### WHAT YOU HAVE TO DO
From the entries below, reproduce exactly the lines from the one with "11) tape roll" through the one with "#1 kite at [199, 0, 482, 479]", both included, without images.

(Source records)
╭──
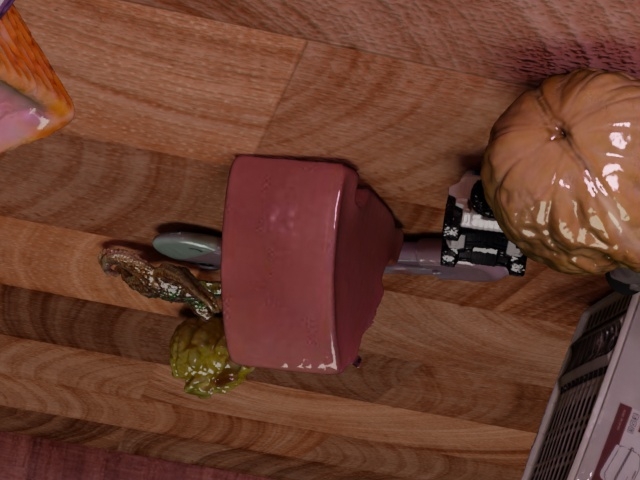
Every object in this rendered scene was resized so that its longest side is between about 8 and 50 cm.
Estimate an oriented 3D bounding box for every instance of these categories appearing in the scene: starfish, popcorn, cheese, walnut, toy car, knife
[{"bbox_3d":[-0.171,0.044,1.917,0.150,0.053,0.209,42,160,-32],"label":"starfish"},{"bbox_3d":[-0.139,0.150,2.172,0.116,0.106,0.121,16,165,10],"label":"popcorn"},{"bbox_3d":[-0.009,-0.005,1.576,0.128,0.203,0.177,7,133,21],"label":"cheese"},{"bbox_3d":[0.204,-0.044,1.245,0.155,0.155,0.184,0,163,30],"label":"walnut"},{"bbox_3d":[0.149,-0.019,1.492,0.080,0.070,0.171,8,166,5],"label":"toy car"},{"bbox_3d":[0.009,0.021,1.765,0.398,0.038,0.132,0,166,27],"label":"knife"}]

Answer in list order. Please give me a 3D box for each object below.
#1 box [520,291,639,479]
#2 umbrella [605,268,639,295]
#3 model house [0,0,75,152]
[{"bbox_3d":[0.331,0.192,1.743,0.166,0.290,0.220,25,163,-6],"label":"box"},{"bbox_3d":[0.305,-0.011,1.436,0.067,0.073,0.337,29,164,2],"label":"umbrella"},{"bbox_3d":[-0.256,-0.179,1.005,0.237,0.202,0.237,-6,142,-48],"label":"model house"}]
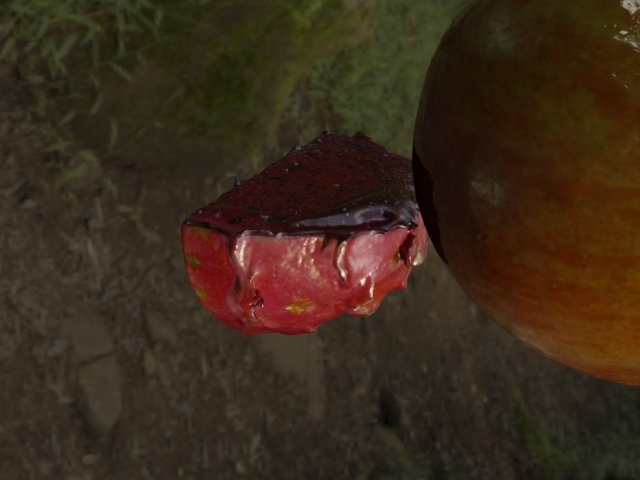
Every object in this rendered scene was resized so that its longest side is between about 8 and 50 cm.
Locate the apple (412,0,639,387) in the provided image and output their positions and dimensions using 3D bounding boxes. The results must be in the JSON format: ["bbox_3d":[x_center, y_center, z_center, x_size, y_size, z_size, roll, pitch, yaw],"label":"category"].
[{"bbox_3d":[0.206,-0.045,0.685,0.301,0.301,0.302,-7,90,-67],"label":"apple"}]

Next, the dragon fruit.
[{"bbox_3d":[0.000,0.000,0.965,0.163,0.189,0.261,38,35,6],"label":"dragon fruit"}]
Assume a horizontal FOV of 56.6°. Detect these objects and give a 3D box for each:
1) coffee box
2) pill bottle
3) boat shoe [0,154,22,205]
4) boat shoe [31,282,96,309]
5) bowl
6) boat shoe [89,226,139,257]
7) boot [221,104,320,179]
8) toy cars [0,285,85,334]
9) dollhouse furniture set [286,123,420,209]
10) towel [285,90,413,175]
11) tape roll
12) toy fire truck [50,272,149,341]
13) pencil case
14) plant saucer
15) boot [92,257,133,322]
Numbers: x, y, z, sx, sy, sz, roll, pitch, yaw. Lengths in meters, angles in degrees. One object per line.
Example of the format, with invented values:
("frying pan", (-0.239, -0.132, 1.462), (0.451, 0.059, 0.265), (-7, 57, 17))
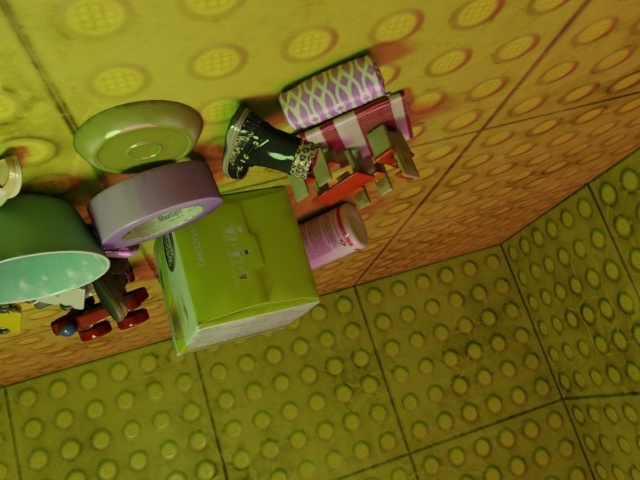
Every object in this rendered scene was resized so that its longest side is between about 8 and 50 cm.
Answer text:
("coffee box", (-0.246, 0.088, 1.637), (0.337, 0.338, 0.334), (-10, 163, -25))
("pill bottle", (0.000, 0.000, 1.971), (0.282, 0.161, 0.160), (-24, 165, 23))
("boat shoe", (-0.588, -0.100, 1.066), (0.170, 0.063, 0.059), (-29, 168, 41))
("boat shoe", (-0.709, 0.140, 1.701), (0.304, 0.091, 0.109), (-26, -154, 24))
("bowl", (-0.615, 0.009, 1.243), (0.311, 0.163, 0.311), (-16, 166, -4))
("boat shoe", (-0.560, 0.001, 1.474), (0.228, 0.080, 0.076), (3, 129, -29))
("boot", (-0.104, -0.162, 1.208), (0.178, 0.085, 0.236), (24, 156, 0))
("toy cars", (-0.815, 0.150, 1.612), (0.393, 0.087, 0.177), (-19, 127, 11))
("dollhouse furniture set", (0.094, -0.150, 1.418), (0.259, 0.135, 0.261), (-31, 159, 34))
("towel", (0.054, -0.237, 1.404), (0.328, 0.037, 0.237), (-22, 164, 7))
("tape roll", (-0.355, -0.075, 1.289), (0.274, 0.090, 0.275), (-23, 176, -1))
("toy fire truck", (-0.673, 0.213, 1.793), (0.301, 0.170, 0.254), (-19, -175, -1))
("pencil case", (0.024, -0.278, 1.119), (0.205, 0.087, 0.088), (-19, -171, 10))
("plant saucer", (-0.336, -0.183, 1.120), (0.240, 0.037, 0.241), (-17, 166, -5))
("boot", (-0.524, 0.089, 1.503), (0.115, 0.305, 0.113), (-19, 129, -26))
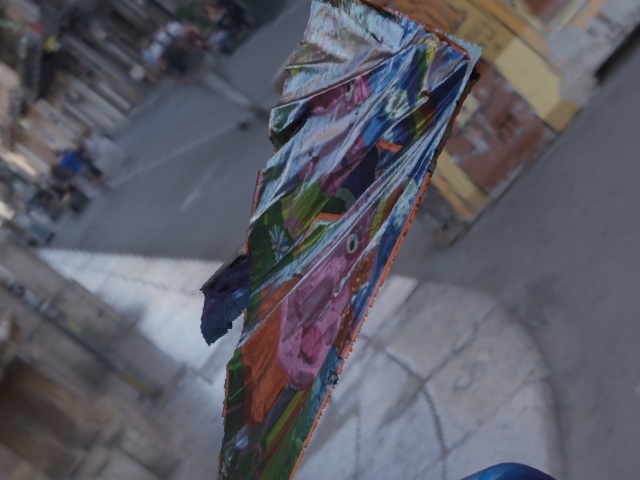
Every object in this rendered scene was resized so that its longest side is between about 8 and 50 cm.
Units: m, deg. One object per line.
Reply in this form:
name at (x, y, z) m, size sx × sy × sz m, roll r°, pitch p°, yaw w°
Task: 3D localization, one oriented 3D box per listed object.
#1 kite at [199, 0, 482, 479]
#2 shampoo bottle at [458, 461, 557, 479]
kite at (0.000, 0.000, 0.460) m, size 0.234 × 0.016 × 0.321 m, roll -42°, pitch 35°, yaw 54°
shampoo bottle at (0.038, 0.134, 0.455) m, size 0.050 × 0.087 × 0.183 m, roll -45°, pitch 2°, yaw -36°
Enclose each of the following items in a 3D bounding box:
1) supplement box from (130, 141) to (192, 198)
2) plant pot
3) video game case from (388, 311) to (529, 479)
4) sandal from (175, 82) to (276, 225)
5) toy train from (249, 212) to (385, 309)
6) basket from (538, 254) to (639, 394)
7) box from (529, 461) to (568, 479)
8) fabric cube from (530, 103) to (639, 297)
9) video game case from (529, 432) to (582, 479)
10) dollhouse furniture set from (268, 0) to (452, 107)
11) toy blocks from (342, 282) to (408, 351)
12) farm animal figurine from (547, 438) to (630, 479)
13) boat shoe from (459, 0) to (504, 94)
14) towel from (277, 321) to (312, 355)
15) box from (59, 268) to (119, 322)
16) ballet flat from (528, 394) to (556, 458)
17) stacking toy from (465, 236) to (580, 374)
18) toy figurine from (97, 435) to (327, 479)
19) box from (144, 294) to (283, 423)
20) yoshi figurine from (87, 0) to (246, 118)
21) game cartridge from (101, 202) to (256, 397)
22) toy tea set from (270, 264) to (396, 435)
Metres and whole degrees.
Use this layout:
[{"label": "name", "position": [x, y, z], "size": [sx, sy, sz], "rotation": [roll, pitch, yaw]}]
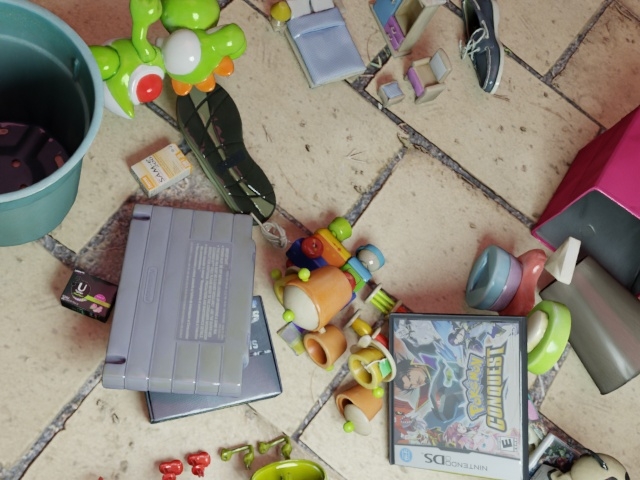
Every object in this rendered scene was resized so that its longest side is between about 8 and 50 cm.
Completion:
╰──
### WRITTEN REPLY
11) tape roll
12) toy fire truck [50,272,149,341]
13) pencil case
14) plant saucer
15) boot [92,257,133,322]
Numbers: x, y, z, sx, sy, sz, roll, pitch, yaw. Lengths in meters, angles in degrees. One object per line.
Example of the format, with invented values:
("frying pan", (-0.239, -0.132, 1.462), (0.451, 0.059, 0.265), (-7, 57, 17))
Every object in this rendered scene was resized so that its longest side is between about 8 and 50 cm.
Answer text:
("coffee box", (-0.246, 0.088, 1.637), (0.337, 0.338, 0.334), (-10, 163, -25))
("pill bottle", (0.000, 0.000, 1.971), (0.282, 0.161, 0.160), (-24, 165, 23))
("boat shoe", (-0.588, -0.100, 1.066), (0.170, 0.063, 0.059), (-29, 168, 41))
("boat shoe", (-0.709, 0.140, 1.701), (0.304, 0.091, 0.109), (-26, -154, 24))
("bowl", (-0.615, 0.009, 1.243), (0.311, 0.163, 0.311), (-16, 166, -4))
("boat shoe", (-0.560, 0.001, 1.474), (0.228, 0.080, 0.076), (3, 129, -29))
("boot", (-0.104, -0.162, 1.208), (0.178, 0.085, 0.236), (24, 156, 0))
("toy cars", (-0.815, 0.150, 1.612), (0.393, 0.087, 0.177), (-19, 127, 11))
("dollhouse furniture set", (0.094, -0.150, 1.418), (0.259, 0.135, 0.261), (-31, 159, 34))
("towel", (0.054, -0.237, 1.404), (0.328, 0.037, 0.237), (-22, 164, 7))
("tape roll", (-0.355, -0.075, 1.289), (0.274, 0.090, 0.275), (-23, 176, -1))
("toy fire truck", (-0.673, 0.213, 1.793), (0.301, 0.170, 0.254), (-19, -175, -1))
("pencil case", (0.024, -0.278, 1.119), (0.205, 0.087, 0.088), (-19, -171, 10))
("plant saucer", (-0.336, -0.183, 1.120), (0.240, 0.037, 0.241), (-17, 166, -5))
("boot", (-0.524, 0.089, 1.503), (0.115, 0.305, 0.113), (-19, 129, -26))
Every object in this rendered scene was resized so that its longest side is between about 8 and 50 cm.
Units: m, deg. One object per line.
Reply in this form:
name at (x, y, z) m, size sx × sy × sz m, roll r°, pitch p°, yaw w°
Task: 3D localization, one oriented 3D box per listed object.
#1 kite at [199, 0, 482, 479]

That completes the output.